Task instructions: Set down the data below exactly; pictures stay out.

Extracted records

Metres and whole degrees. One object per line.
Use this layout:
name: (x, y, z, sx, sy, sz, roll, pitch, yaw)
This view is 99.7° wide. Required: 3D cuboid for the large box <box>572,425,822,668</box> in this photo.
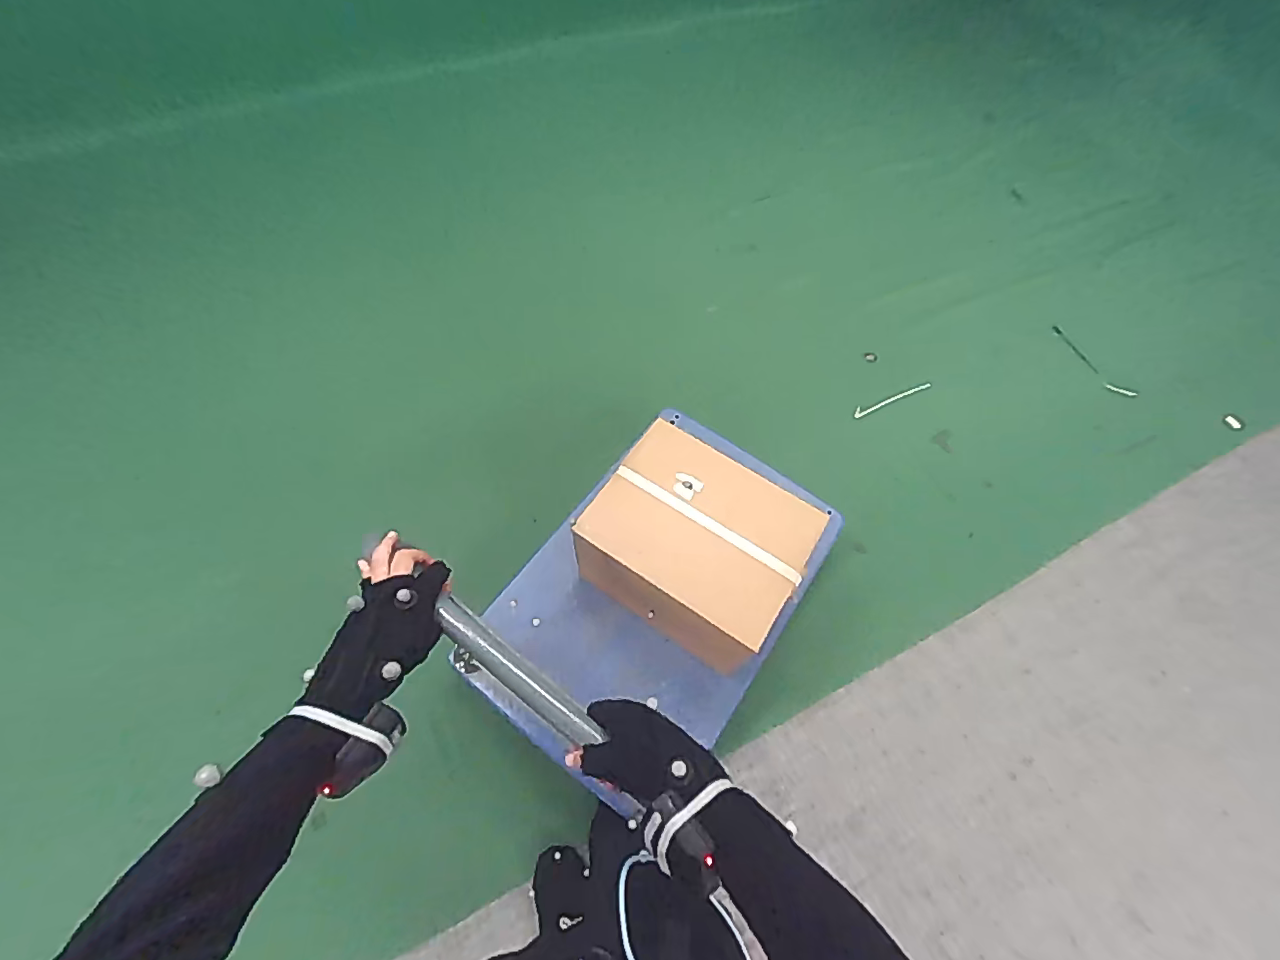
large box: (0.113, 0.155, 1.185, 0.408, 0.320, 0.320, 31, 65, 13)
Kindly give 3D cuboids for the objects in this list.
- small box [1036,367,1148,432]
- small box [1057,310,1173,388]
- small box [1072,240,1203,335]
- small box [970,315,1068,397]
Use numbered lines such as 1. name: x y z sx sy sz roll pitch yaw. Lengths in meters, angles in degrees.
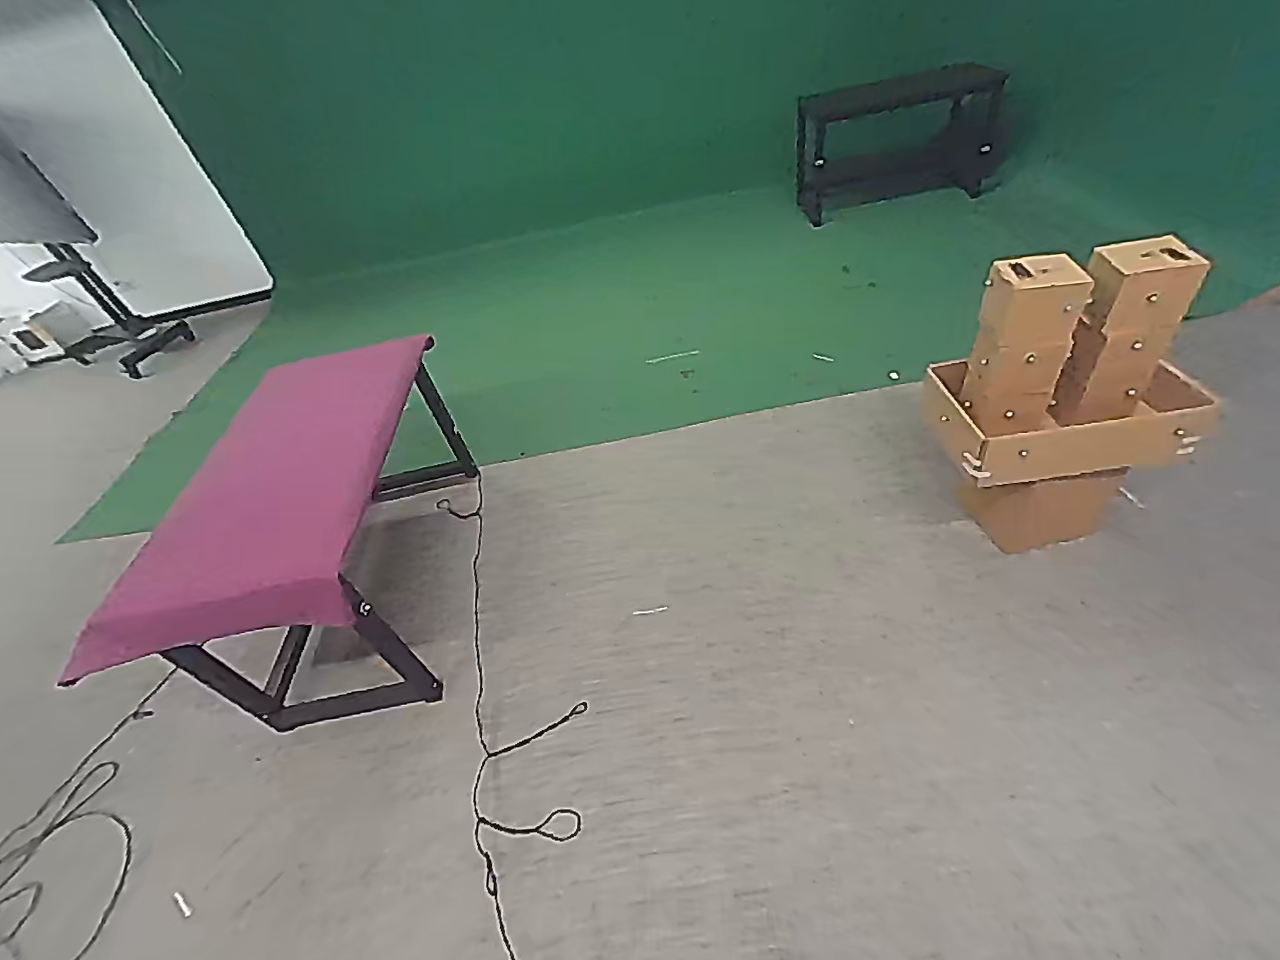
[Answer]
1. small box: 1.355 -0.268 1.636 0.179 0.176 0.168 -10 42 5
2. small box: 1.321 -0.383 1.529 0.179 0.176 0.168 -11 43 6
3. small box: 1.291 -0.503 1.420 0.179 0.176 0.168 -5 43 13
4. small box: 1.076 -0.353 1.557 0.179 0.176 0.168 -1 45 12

Result for this task:
Metres and whole degrees. One object per line.
Use this layout:
name: (x, y, z, sx, sy, sz, roll, pitch, yaw)
This view is 99.7° wide. Required: 3D cuboid for the large box <box>572,425,822,668</box> in this photo.
large box: (0.113, 0.155, 1.185, 0.408, 0.320, 0.320, 31, 65, 13)
Kindly give 3D cuboids for the objects in this list.
- small box [1036,367,1148,432]
- small box [1057,310,1173,388]
- small box [1072,240,1203,335]
- small box [970,315,1068,397]
Use numbered lines such as 1. name: x y z sx sy sz roll pitch yaw. Lengths in meters, angles in degrees.
[Answer]
1. small box: 1.355 -0.268 1.636 0.179 0.176 0.168 -10 42 5
2. small box: 1.321 -0.383 1.529 0.179 0.176 0.168 -11 43 6
3. small box: 1.291 -0.503 1.420 0.179 0.176 0.168 -5 43 13
4. small box: 1.076 -0.353 1.557 0.179 0.176 0.168 -1 45 12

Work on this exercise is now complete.